"Ya, Mas. Semoga Bapak dan Ibu ikhlas melepas kita untuk belajar mandiri. Kita kan juga nanti akan sering berkunjung ke rumah Bapak."
Saat liburan berikutnya, Wina kuajak matur pada Bapak dan Ibu tentang rencana membeli rumah untuk ditempati. Meski hanya rumah sederhana, karena kemampuan finansialku yang terbatas, tetapi ada rasa puas dan bahagia mampu mewujudkan keinginan istri tercinta.
Bapak dan Ibu mulanya kaget juga dengan rencanaku, tetapi akhirnya memakluminya. Bahkan Bapak dan Ibu memberikan doa, semoga kerasan, dan betah menempati rumah baru tersebut. Betapa bahagianya hatiku dan Wina mendapat restu dari orang tua. Bapak dan Ibu pun menawarkan diri untuk ikut mengantarkanku pindahan ke rumah tersebut.
"Oh, ya Ton, jangan lupa mengajak Mas Nuri untuk memimpin doa dan baca surat Yasin," pinta Bapak sehari menjelang pindahan rumah.
"Ya, Pak. Nanti Mas Nuri akan saya hubungi."
Tepat dengan tanggal lahirku, aku  pun pindahan. Aku menyewa dua truk untuk  membawa barang-barangku.
Tetangga dekat menyalamiku dan mendoakan. Ada rasa sedih ketika meninggalkan tetangga-tetanggaku  yang selalu bersikap baik pada keluargaku. Namun jalinan silaturahmi akan tetap terjaga.
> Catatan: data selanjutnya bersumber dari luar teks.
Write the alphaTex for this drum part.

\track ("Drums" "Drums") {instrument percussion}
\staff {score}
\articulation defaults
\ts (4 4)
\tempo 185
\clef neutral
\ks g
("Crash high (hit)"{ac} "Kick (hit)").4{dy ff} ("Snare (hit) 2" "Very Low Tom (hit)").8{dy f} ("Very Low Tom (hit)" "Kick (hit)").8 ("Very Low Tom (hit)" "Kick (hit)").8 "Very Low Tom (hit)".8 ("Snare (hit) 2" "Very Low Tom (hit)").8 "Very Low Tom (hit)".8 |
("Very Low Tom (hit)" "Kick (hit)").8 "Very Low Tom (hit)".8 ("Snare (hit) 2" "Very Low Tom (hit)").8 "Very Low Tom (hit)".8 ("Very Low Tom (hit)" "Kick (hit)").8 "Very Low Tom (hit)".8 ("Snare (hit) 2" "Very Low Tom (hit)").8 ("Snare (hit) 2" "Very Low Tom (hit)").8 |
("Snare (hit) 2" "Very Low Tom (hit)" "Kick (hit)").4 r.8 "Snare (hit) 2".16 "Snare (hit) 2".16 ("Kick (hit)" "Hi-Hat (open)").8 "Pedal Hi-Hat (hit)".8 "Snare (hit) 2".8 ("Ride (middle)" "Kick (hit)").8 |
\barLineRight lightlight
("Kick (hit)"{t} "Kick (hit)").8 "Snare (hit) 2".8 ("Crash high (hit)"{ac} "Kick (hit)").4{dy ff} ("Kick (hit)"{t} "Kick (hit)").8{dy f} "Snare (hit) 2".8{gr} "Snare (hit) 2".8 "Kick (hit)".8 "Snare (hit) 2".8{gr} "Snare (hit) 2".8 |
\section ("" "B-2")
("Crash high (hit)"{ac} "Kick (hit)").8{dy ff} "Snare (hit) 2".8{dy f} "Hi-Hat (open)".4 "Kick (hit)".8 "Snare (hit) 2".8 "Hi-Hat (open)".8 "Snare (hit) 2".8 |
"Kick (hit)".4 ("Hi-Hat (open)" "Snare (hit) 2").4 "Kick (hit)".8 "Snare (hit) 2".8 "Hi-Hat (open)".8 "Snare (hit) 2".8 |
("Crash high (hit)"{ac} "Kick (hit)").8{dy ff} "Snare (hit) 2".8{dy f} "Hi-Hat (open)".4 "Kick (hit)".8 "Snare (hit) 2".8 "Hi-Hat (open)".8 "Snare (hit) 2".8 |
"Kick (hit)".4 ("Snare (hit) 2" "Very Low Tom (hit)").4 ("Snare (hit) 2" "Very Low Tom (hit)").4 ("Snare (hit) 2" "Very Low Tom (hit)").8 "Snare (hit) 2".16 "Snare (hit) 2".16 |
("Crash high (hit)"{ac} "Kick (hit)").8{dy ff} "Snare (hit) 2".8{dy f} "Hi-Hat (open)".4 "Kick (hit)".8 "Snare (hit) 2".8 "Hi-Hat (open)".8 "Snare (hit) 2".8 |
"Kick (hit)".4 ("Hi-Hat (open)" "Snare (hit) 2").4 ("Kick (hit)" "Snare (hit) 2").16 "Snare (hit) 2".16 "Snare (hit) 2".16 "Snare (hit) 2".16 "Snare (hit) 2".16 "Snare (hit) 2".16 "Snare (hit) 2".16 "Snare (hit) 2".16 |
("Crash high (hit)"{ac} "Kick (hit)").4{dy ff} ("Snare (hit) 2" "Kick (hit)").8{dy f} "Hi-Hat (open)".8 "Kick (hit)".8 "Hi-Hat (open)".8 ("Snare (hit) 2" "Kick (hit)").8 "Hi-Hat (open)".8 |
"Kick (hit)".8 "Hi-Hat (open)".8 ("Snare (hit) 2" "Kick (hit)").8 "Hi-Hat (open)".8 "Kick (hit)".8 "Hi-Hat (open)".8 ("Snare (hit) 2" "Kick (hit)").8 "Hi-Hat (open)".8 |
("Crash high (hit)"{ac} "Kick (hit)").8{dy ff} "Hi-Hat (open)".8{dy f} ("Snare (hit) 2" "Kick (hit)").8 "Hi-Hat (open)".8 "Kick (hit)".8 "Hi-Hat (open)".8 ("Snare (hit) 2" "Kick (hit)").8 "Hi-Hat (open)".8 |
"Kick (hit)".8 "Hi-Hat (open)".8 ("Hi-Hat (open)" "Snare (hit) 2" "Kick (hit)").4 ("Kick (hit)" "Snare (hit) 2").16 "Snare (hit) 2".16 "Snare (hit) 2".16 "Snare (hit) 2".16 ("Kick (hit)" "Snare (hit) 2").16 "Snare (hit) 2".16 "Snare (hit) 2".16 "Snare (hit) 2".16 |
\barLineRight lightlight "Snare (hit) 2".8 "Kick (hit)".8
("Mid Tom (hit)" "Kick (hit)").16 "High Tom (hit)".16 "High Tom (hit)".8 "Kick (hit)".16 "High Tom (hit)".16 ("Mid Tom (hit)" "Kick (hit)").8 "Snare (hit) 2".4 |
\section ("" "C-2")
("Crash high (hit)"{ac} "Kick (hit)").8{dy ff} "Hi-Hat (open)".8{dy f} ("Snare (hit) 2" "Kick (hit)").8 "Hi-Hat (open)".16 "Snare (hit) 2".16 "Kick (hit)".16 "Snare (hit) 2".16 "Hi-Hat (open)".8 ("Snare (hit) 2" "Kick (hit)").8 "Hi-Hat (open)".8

Aku  berjanji secara berkala akan mengunjungi Bapak dan Ibu serta para tetangga dekat.
Barang-barang bawaanku segera ditempatkan di rumah itu. Meja, Â kursi, lemari, kulkas, dan beberapa perabot lain sudah cukup memenuhi ruang rumah berukuran sedang itu. Rumah kuno yang sudah lama ditinggalkan pemiliknya, karena anak-anaknya semua pergi ke kota.
Selamatan sederhana pun dilakukan. Mas Nuri memimpin doa dan bacaan surat Yasin. Menjelang asar, acara pindahan dan selamatan itu purna. Bapak dan Ibu segera minta pamit. Aku dan Wina melepas dengan rasa haru.
"Jangan lupa, Ton, Bapak dan Ibu sering dikunjungi. Jika ada apa-apa kabari Bapak, ya!"
Aku tidak sanggup menjawab kalimat yang terlontar dari mulut Bapak, hanya menunduk penuh dengan rasa tawadu.